• **Work instructions**: Would you please transcribe the records below from the line with "Answer yes or no. No. Is Dark Green less" through their final line, exactly and with no other lines?

Saved data entries:
━━━━━━━━━━━━━━━━
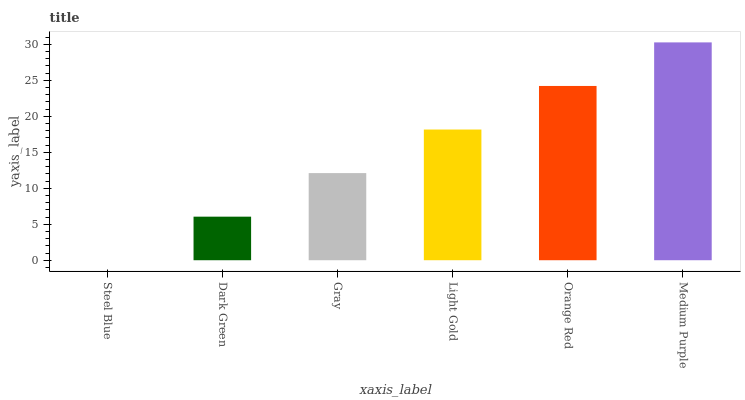Is Steel Blue the minimum?
Answer yes or no. Yes. Is Medium Purple the maximum?
Answer yes or no. Yes. Is Dark Green the minimum?
Answer yes or no. No. Is Dark Green the maximum?
Answer yes or no. No. Is Dark Green greater than Steel Blue?
Answer yes or no. Yes. Is Steel Blue less than Dark Green?
Answer yes or no. Yes. Is Steel Blue greater than Dark Green?
Answer yes or no. No. Is Dark Green less than Steel Blue?
Answer yes or no. No. Is Light Gold the high median?
Answer yes or no. Yes. Is Gray the low median?
Answer yes or no. Yes. Is Gray the high median?
Answer yes or no. No. Is Light Gold the low median?
Answer yes or no. No.
━━━━━━━━━━━━━━━━
• **Result of this task**:
Answer yes or no. No. Is Dark Green less than Steel Blue?
Answer yes or no. No. Is Light Gold the high median?
Answer yes or no. Yes. Is Gray the low median?
Answer yes or no. Yes. Is Gray the high median?
Answer yes or no. No. Is Light Gold the low median?
Answer yes or no. No.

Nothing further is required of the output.